В этом смысле от позиции Г.И. Стрельченко разительным образом отличается позиция Т.И. Ойзермана. Хотя он также не проводит четкого различия между первой, второй и третьей историями философии, но совершенно четко определяет предметную область своего поиска: он постоянно ищет закономерности историко-философского процесса, что выражено как в заглавии книги, так и упоминавшейся главы из нее. Своему анализу Ойзерман подвергает, в сущности, две специфические черты историко-философского процесса, рассматривая его при этом как «специальную теорию развития»2. Эти две черты суть I) дифференциация, дивергенция и поляризация философских учений и 2) преемственность и прогресс в их развитии. Соответствующие названия носят и параграфы этой главы, посвященные анализу этих черт.

Оценивая концепцию Ойзермана, хотелось бы выразить сомнение по поводу адекватности вынесенного им в заголовок главы термина «черты» в силу его неопределенности и известного несовпадения с тем, что, в сущности, имеет в данном случае в виду автор, а именно —
с проблемой закономерности историко-философского процесса. Сам же Ойзерман в этой главе говорит о необходимости «вскрыть закономерности, специфическим образом характеризующие философское развитие», называя в дальнейшем преемственность «закономерностью историко-философского процесса», и в общем пишет о поиске «закономерностей» как о задаче «теоретического исследования» всякого «исторического процесса»3. Поэтому думается, что именно о закономерностях, а не о чертах и следовало бы говорить в этой связи и что в названии этой центральной главы всей книги должен был быть употреблен именно этот термин.

Хотелось бы выразить сожаление по поводу бедности номенклатуры закономерностей, которые попали в поле зрения автора: в частности, он не включил в нее как самостоятельные и равноправные по своей значимости по отношению к тем, которые были им все же названы, закономерности детерминированности и единства, хотя, в соответствии с логикой изложения, автор все время сталкивался с первой из них и даже вскользь говорил о ней4.

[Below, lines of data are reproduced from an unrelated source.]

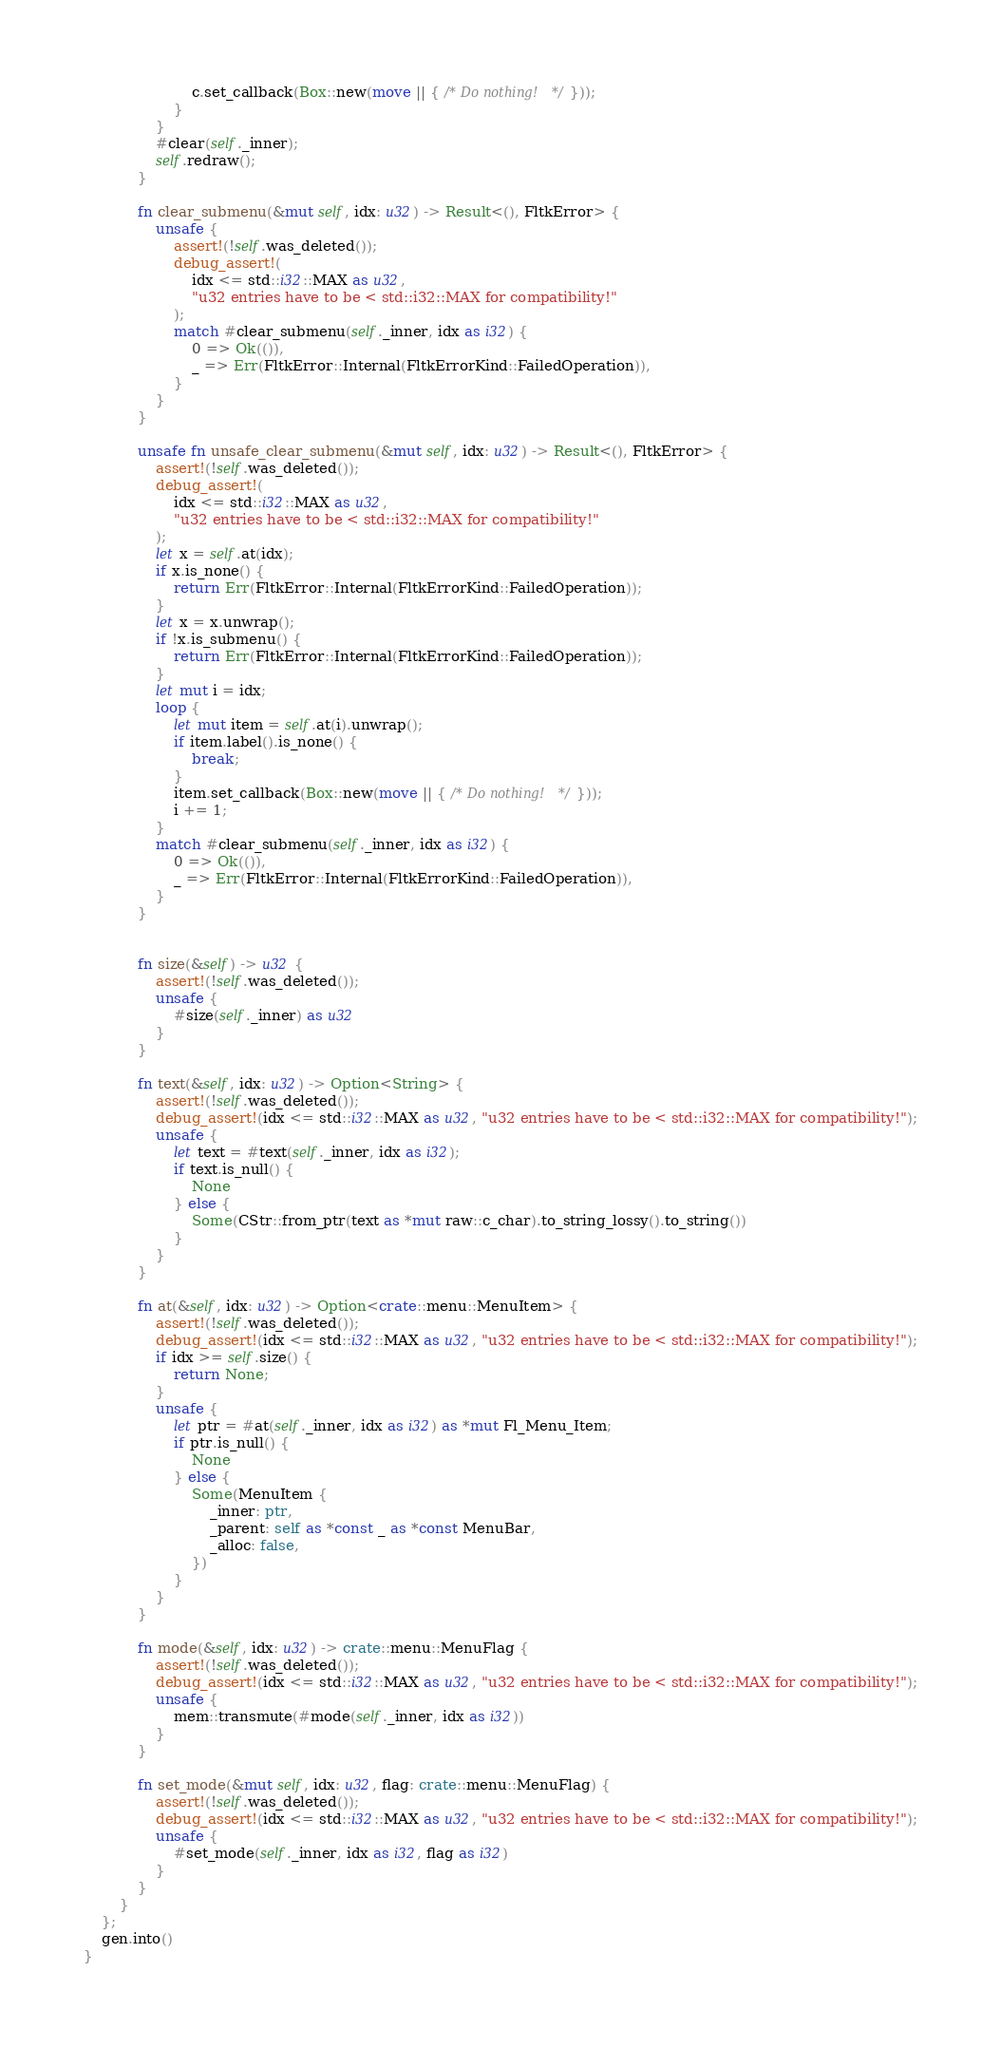Convert code to text. <code><loc_0><loc_0><loc_500><loc_500><_Rust_>                        c.set_callback(Box::new(move || { /* Do nothing! */ }));
                    }
                }
                #clear(self._inner);
                self.redraw();
            }

            fn clear_submenu(&mut self, idx: u32) -> Result<(), FltkError> {
                unsafe {
                    assert!(!self.was_deleted());
                    debug_assert!(
                        idx <= std::i32::MAX as u32,
                        "u32 entries have to be < std::i32::MAX for compatibility!"
                    );
                    match #clear_submenu(self._inner, idx as i32) {
                        0 => Ok(()),
                        _ => Err(FltkError::Internal(FltkErrorKind::FailedOperation)),
                    }
                }
            }

            unsafe fn unsafe_clear_submenu(&mut self, idx: u32) -> Result<(), FltkError> {
                assert!(!self.was_deleted());
                debug_assert!(
                    idx <= std::i32::MAX as u32,
                    "u32 entries have to be < std::i32::MAX for compatibility!"
                );
                let x = self.at(idx);
                if x.is_none() {
                    return Err(FltkError::Internal(FltkErrorKind::FailedOperation));
                }
                let x = x.unwrap();
                if !x.is_submenu() {
                    return Err(FltkError::Internal(FltkErrorKind::FailedOperation));
                }
                let mut i = idx;
                loop {
                    let mut item = self.at(i).unwrap();
                    if item.label().is_none() {
                        break;
                    }
                    item.set_callback(Box::new(move || { /* Do nothing! */ }));
                    i += 1;
                }
                match #clear_submenu(self._inner, idx as i32) {
                    0 => Ok(()),
                    _ => Err(FltkError::Internal(FltkErrorKind::FailedOperation)),
                }
            }


            fn size(&self) -> u32 {
                assert!(!self.was_deleted());
                unsafe {
                    #size(self._inner) as u32
                }
            }

            fn text(&self, idx: u32) -> Option<String> {
                assert!(!self.was_deleted());
                debug_assert!(idx <= std::i32::MAX as u32, "u32 entries have to be < std::i32::MAX for compatibility!");
                unsafe {
                    let text = #text(self._inner, idx as i32);
                    if text.is_null() {
                        None
                    } else {
                        Some(CStr::from_ptr(text as *mut raw::c_char).to_string_lossy().to_string())
                    }
                }
            }

            fn at(&self, idx: u32) -> Option<crate::menu::MenuItem> {
                assert!(!self.was_deleted());
                debug_assert!(idx <= std::i32::MAX as u32, "u32 entries have to be < std::i32::MAX for compatibility!");
                if idx >= self.size() {
                    return None;
                }
                unsafe {
                    let ptr = #at(self._inner, idx as i32) as *mut Fl_Menu_Item;
                    if ptr.is_null() {
                        None
                    } else {
                        Some(MenuItem {
                            _inner: ptr,
                            _parent: self as *const _ as *const MenuBar,
                            _alloc: false,
                        })
                    }
                }
            }

            fn mode(&self, idx: u32) -> crate::menu::MenuFlag {
                assert!(!self.was_deleted());
                debug_assert!(idx <= std::i32::MAX as u32, "u32 entries have to be < std::i32::MAX for compatibility!");
                unsafe {
                    mem::transmute(#mode(self._inner, idx as i32))
                }
            }

            fn set_mode(&mut self, idx: u32, flag: crate::menu::MenuFlag) {
                assert!(!self.was_deleted());
                debug_assert!(idx <= std::i32::MAX as u32, "u32 entries have to be < std::i32::MAX for compatibility!");
                unsafe {
                    #set_mode(self._inner, idx as i32, flag as i32)
                }
            }
        }
    };
    gen.into()
}
</code> 
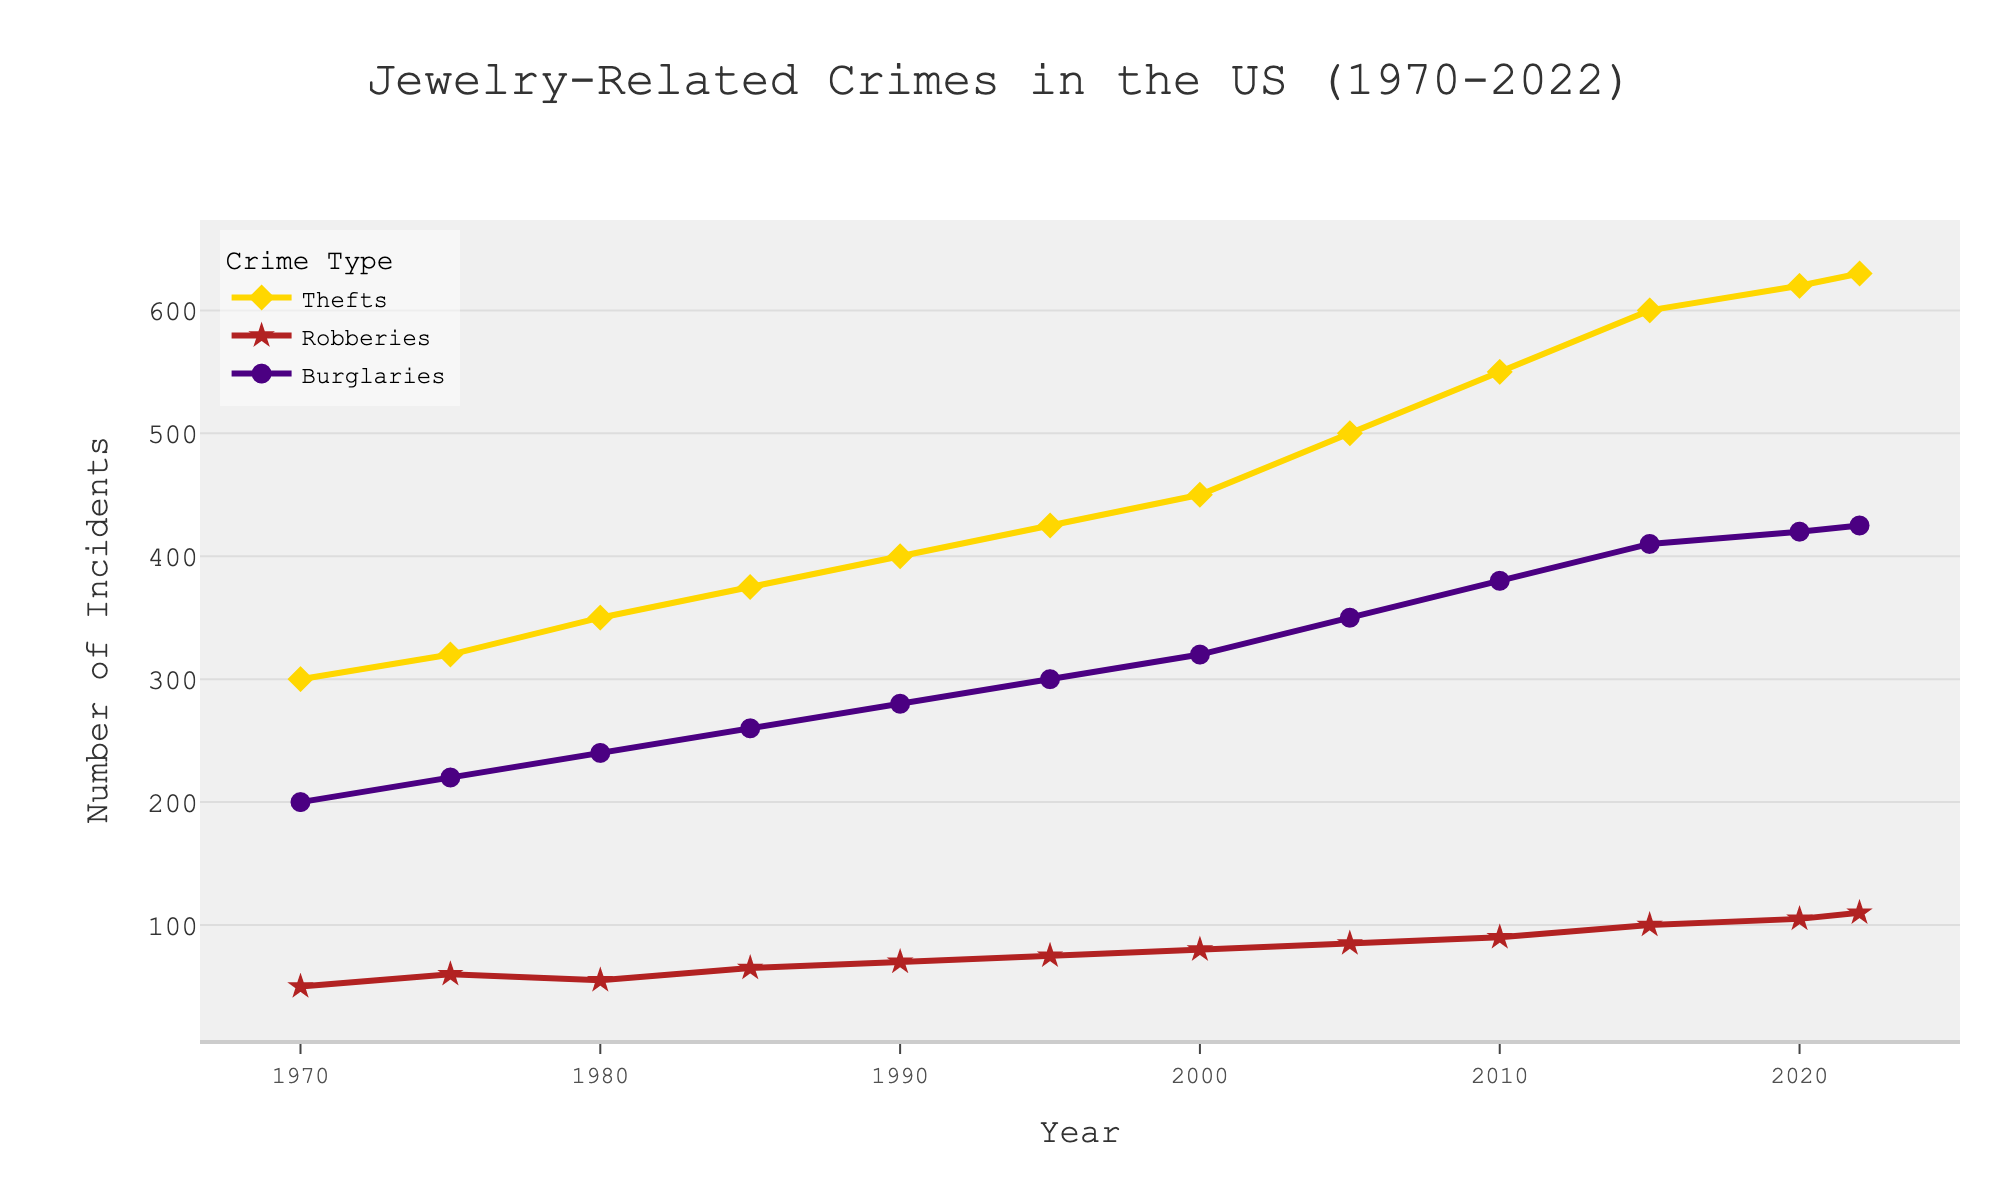what is the title of the plot? The title of the plot is usually displayed prominently at the top. In this case, it reads "Jewelry-Related Crimes in the US (1970-2022)"
Answer: Jewelry-Related Crimes in the US (1970-2022) What are the types of crimes tracked in the plot? The plot has a legend on the right-hand side indicating the different types of crimes tracked. The crimes tracked are Thefts, Robberies, and Burglaries
Answer: Thefts, Robberies, Burglaries Which type of crime had the highest number in 2022? To find this, look at the ending points of each line on the x-axis at 2022. The line representing Thefts is the highest at 630 incidents
Answer: Thefts What year did robberies surpass 70 incidents? By following the Robberies line, we see that it surpasses 70 incidents around the year 1990
Answer: 1990 How many total incidents (sum of all three types) occurred in 1980? Add the numbers for Thefts (350), Robberies (55), and Burglaries (240): 350 + 55 + 240 = 645
Answer: 645 Between which years did burglaries increase the most? By examining the Burglaries line, the most significant increase seems to occur between 2000 (320) and 2005 (350), showing an increase of 30 incidents
Answer: 2000 and 2005 What is the difference in the number of thefts between 1970 and 2022? The number of thefts in 1970 was 300, and in 2022 it was 630. The difference is 630 - 300 = 330 incidents
Answer: 330 What is the average number of robberies between 2000 and 2020 (inclusive)? Robberies in 2000: 80, 2005: 85, 2010: 90, 2015: 100, 2020: 105. The average is (80 + 85 + 90 + 100 + 105) / 5 = 92
Answer: 92 How did the number of burglaries change from 1980 to 2022? The number of burglaries in 1980 was 240, and in 2022 it was 425. The change is 425 - 240 = 185 incidents
Answer: Increased by 185 Which type of crime shows the most gradual increase over the years? By comparing the slopes of the lines, Robberies has the most gradual increase over the years
Answer: Robberies

Если, продолжая ту же тему, говорить о работах, в которых закономерности историко-философского процесса были подвергнуты лишь несистематизированной обработке, то мы могли бы назвать бесчисленное количество авторов, в той или иной связи затрагивавших этот вопрос, в том числе, например, кандидатскую диссертацию А. Иванова «Развитие Лениным марксистского учения о закономерностях истории философии» (М., 1963). В ней, как и вообще в работах подобного рода, речь шла о таких действительно существовавших закономерностях, как дивергентность (борьба материализма и идеализма), детерминированность (социально-историческая и традиция) и др.

В качестве более значительных примеров укажем на две неконцептуализированные попытки рассмотрения интересующей нас проблемы. Так, обращаясь к целому ряду закономерностей, А.Н. Чанышев вполне определенно различает, как он выражается, «объективную» и «субъективную» истории философии и заявляет, что имеет в виду «законы объективной истории философии», т. е. историко-философского процесса. Всего автор насчитывает четыре закона: «зависимости идеологии... от социально-экономического базиса», «борьбы внутри философии двух ее лагерей», «партийности философии», «борьбы философии и парафилософии»5.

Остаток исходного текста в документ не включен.